Author(s):
Journal
Informa UK Limited
Abstract
An arms race in cyberspace is underway. US and Western government efforts to control this process have largely been limited to deterrence and norm development. This article examines an alternative policy option: arms control. To gauge whether arms-control models offer useful lessons for addressing cyber capabilities, this article compiles a new dataset of predominantly twentieth-century arms-control agreements. It also evaluates two case studies of negotiated agreements that regulate dual-use technologies, the 1928 Geneva Protocol prohibiting chemical- and biological-weapon use and the 1944 Chicago Convention on International Civil Aviation.
Concluding remarks
The analysis underscores the limits of norm development for emerging technologies with both civilian and military applications.

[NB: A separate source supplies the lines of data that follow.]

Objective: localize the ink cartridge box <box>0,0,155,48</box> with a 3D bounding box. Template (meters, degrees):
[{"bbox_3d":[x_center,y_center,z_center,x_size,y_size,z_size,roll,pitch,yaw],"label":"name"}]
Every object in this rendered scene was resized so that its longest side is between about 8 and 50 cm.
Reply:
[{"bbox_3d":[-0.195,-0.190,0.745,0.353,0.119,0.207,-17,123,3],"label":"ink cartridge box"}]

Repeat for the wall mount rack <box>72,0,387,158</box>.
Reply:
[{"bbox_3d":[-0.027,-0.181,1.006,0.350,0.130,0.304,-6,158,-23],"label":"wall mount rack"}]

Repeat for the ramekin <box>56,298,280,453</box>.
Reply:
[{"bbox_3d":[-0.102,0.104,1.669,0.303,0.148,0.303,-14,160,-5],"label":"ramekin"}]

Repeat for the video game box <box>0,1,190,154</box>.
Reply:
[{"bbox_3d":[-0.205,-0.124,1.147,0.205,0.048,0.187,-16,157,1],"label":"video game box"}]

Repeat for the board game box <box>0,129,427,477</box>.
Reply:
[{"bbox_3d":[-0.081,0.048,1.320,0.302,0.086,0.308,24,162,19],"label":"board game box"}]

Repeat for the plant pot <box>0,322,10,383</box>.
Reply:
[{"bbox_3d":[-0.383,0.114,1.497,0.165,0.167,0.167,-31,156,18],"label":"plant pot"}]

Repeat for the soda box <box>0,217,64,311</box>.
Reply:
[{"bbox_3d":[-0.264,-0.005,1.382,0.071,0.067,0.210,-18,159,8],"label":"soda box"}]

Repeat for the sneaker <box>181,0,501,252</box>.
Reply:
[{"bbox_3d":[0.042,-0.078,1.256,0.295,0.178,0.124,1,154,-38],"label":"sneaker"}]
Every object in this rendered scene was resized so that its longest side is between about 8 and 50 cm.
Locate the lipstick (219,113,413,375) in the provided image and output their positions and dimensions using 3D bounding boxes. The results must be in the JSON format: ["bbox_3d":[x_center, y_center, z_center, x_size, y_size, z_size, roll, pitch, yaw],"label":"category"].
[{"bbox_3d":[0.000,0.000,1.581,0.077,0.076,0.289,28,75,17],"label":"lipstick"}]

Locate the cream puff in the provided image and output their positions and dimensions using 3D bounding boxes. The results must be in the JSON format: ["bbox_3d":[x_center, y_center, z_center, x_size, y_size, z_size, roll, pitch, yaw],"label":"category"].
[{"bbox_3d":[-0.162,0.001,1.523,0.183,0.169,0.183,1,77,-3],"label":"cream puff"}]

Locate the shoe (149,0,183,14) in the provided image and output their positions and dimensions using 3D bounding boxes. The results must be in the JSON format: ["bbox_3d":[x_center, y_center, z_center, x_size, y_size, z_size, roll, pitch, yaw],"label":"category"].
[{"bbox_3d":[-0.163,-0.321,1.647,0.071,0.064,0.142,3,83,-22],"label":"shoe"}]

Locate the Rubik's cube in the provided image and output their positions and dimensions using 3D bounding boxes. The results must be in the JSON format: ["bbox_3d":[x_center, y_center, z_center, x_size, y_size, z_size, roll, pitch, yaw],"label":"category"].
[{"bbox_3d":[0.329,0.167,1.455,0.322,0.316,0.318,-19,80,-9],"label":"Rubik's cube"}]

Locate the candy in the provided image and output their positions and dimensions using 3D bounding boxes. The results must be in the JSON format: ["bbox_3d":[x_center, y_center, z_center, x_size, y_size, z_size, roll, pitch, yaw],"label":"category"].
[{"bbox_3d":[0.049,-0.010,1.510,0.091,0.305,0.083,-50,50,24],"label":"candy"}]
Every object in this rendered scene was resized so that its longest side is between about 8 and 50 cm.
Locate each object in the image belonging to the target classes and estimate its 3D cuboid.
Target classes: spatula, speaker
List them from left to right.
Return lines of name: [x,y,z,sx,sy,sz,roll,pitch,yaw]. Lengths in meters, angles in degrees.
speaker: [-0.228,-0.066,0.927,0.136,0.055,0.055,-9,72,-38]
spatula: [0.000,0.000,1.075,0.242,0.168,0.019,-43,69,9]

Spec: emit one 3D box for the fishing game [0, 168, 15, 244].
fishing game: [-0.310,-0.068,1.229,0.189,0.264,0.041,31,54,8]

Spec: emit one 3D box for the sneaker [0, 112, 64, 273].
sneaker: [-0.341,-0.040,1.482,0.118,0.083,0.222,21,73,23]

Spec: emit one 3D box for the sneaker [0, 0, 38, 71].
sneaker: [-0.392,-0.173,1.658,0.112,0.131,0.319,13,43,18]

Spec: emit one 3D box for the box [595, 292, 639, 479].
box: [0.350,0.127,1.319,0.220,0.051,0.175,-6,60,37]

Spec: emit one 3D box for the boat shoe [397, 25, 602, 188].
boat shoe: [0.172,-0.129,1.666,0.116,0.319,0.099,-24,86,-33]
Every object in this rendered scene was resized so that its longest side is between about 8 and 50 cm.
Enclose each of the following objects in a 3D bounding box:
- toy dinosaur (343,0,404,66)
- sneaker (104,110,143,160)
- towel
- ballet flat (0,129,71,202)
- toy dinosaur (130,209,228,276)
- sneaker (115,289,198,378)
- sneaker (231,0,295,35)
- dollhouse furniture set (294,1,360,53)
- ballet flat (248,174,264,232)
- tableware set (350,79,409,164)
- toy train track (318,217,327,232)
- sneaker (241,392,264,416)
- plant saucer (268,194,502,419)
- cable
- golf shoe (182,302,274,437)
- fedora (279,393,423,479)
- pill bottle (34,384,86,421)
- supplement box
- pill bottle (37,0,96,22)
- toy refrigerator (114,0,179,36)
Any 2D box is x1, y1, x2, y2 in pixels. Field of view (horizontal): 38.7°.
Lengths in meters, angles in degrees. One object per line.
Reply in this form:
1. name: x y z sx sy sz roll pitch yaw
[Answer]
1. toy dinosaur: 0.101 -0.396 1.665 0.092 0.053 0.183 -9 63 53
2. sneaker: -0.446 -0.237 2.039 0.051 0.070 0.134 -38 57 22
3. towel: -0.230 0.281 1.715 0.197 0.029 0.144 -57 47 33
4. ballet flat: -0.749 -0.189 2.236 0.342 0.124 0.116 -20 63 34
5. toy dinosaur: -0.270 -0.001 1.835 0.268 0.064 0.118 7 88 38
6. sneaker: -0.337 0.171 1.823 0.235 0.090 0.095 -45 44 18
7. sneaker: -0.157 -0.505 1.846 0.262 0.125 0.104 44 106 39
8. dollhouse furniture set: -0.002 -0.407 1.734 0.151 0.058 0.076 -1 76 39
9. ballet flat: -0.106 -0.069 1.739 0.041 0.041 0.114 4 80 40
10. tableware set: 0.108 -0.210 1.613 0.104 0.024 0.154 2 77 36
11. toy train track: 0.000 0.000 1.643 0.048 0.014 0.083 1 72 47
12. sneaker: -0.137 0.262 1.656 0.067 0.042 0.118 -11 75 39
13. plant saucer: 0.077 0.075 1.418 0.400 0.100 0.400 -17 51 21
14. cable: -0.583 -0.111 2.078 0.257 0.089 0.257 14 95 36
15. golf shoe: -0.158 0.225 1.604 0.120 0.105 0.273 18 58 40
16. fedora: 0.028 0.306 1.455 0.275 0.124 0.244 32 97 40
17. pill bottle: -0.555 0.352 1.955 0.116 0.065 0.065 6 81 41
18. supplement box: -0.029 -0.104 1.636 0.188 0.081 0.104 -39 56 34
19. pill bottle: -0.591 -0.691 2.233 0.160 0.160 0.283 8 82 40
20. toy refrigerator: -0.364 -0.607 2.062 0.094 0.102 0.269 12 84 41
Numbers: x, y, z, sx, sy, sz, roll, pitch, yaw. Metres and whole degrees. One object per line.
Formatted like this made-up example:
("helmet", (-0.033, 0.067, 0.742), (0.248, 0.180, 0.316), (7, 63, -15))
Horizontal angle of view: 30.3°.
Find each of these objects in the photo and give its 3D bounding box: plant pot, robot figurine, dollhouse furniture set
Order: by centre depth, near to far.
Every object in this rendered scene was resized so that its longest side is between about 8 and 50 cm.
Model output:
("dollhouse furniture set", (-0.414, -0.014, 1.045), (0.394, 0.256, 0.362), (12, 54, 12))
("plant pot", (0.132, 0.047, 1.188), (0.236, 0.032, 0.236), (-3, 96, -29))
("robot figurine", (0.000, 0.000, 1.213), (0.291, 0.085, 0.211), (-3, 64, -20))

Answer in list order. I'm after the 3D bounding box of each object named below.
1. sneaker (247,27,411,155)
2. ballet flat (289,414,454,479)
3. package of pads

It finds lessons for developing verifiable, international cooperation mechanisms for cyberwarfare in the regulatory model of international aviation. Conventionally, arms-control agreements take advantage of transparent tests or estimates of arms. To restrict cyberwarfare activities, experts and policy makers must adapt arms-control models to a difficult-to-measure technology at an advanced stage of development and use. Further investigation of international regulatory schemes for dual-use technology of similar diffusion and development to the internet, such as international civil aviation, is needed.
Reference details
DOI
10.1080/10736700.2018.1515152
Resource type
Journal Article
Year of Publication
2018
ISSN Number
1073-6700
Publication Area
Dual-use cybersecurity
Date Published
2018-05-04
How to cite this reference:
Dumbacher, E. D. (2018). Limiting cyberwarfare: applying arms-control models to an emerging technology. Informa UK Limited. https://doi.org/10.1080/10736700.2018.1515152 (Original work published)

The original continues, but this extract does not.